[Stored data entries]
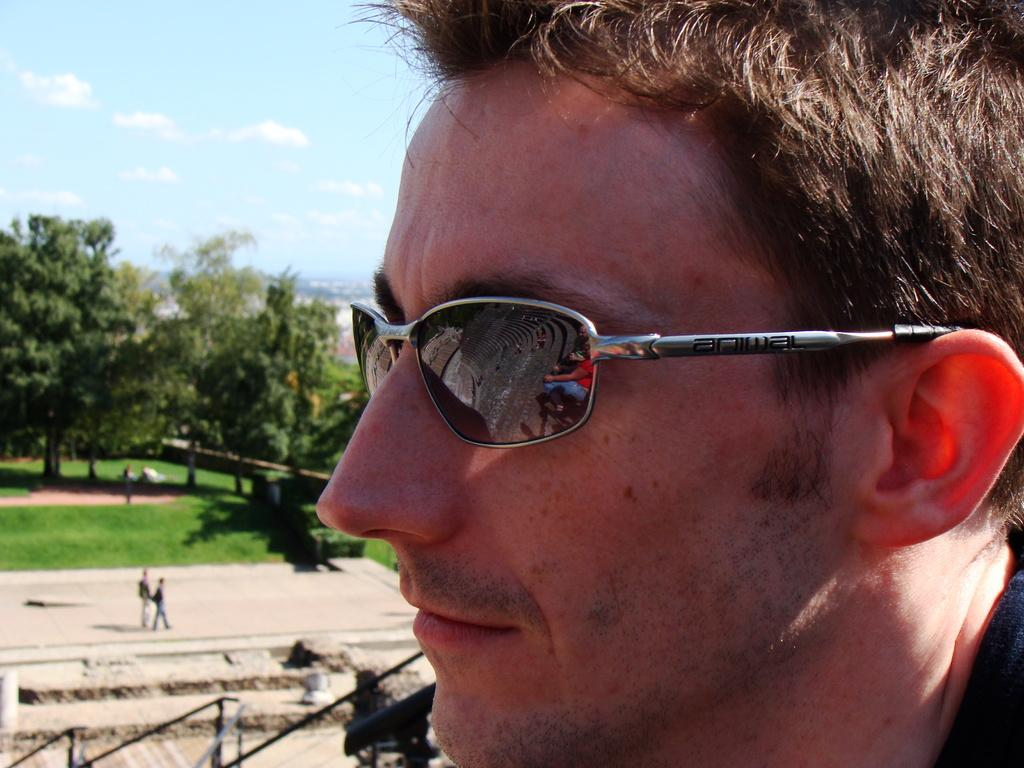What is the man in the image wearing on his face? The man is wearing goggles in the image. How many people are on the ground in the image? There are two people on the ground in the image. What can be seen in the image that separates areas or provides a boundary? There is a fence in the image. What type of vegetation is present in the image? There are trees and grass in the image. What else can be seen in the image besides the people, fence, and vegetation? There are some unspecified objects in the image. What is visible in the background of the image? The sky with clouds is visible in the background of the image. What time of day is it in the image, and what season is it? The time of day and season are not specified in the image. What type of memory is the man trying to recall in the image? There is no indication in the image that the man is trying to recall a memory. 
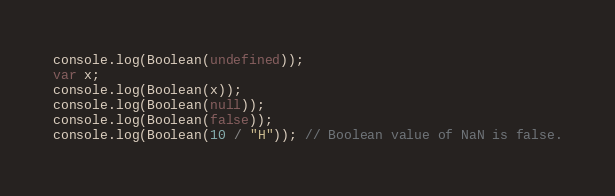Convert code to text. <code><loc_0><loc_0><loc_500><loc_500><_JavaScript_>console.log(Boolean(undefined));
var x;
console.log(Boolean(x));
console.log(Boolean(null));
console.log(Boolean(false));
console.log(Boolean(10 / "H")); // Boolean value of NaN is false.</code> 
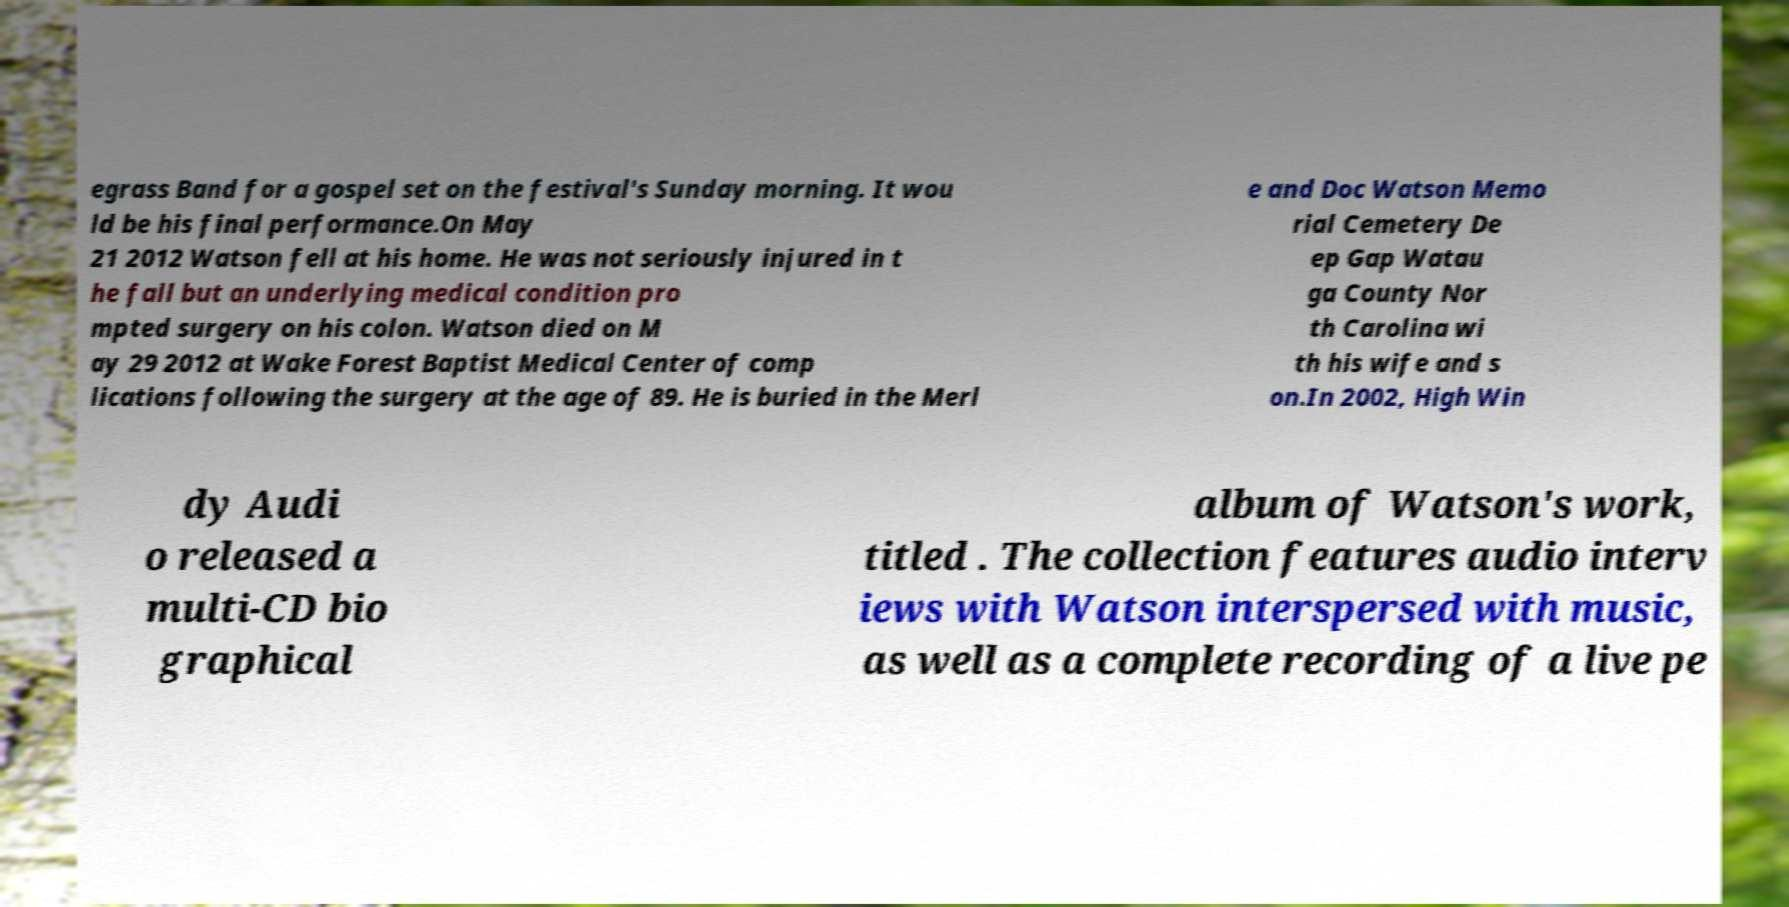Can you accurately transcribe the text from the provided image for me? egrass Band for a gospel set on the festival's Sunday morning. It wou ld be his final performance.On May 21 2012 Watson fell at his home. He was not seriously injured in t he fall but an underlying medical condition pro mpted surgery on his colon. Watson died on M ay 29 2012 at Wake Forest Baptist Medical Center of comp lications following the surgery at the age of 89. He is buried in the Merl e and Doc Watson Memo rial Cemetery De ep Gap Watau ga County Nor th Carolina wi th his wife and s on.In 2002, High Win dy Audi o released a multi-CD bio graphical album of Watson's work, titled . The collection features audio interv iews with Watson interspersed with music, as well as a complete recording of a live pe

TASK STATEMENT: Using the records above, output their complete text exactly, minus any images.

TASK RESULT:
What is the man in the image wearing on his face? The man is wearing goggles in the image. How many people are on the ground in the image? There are two people on the ground in the image. What can be seen in the image that separates areas or provides a boundary? There is a fence in the image. What type of vegetation is present in the image? There are trees and grass in the image. What else can be seen in the image besides the people, fence, and vegetation? There are some unspecified objects in the image. What is visible in the background of the image? The sky with clouds is visible in the background of the image. What time of day is it in the image, and what season is it? The time of day and season are not specified in the image. What type of memory is the man trying to recall in the image? There is no indication in the image that the man is trying to recall a memory. 
Convert code to text. <code><loc_0><loc_0><loc_500><loc_500><_JavaScript_>console.log(Boolean(undefined));
var x;
console.log(Boolean(x));
console.log(Boolean(null));
console.log(Boolean(false));
console.log(Boolean(10 / "H")); // Boolean value of NaN is false.</code> 
Can you accurately transcribe the text from the provided image for me? egrass Band for a gospel set on the festival's Sunday morning. It wou ld be his final performance.On May 21 2012 Watson fell at his home. He was not seriously injured in t he fall but an underlying medical condition pro mpted surgery on his colon. Watson died on M ay 29 2012 at Wake Forest Baptist Medical Center of comp lications following the surgery at the age of 89. He is buried in the Merl e and Doc Watson Memo rial Cemetery De ep Gap Watau ga County Nor th Carolina wi th his wife and s on.In 2002, High Win dy Audi o released a multi-CD bio graphical album of Watson's work, titled . The collection features audio interv iews with Watson interspersed with music, as well as a complete recording of a live pe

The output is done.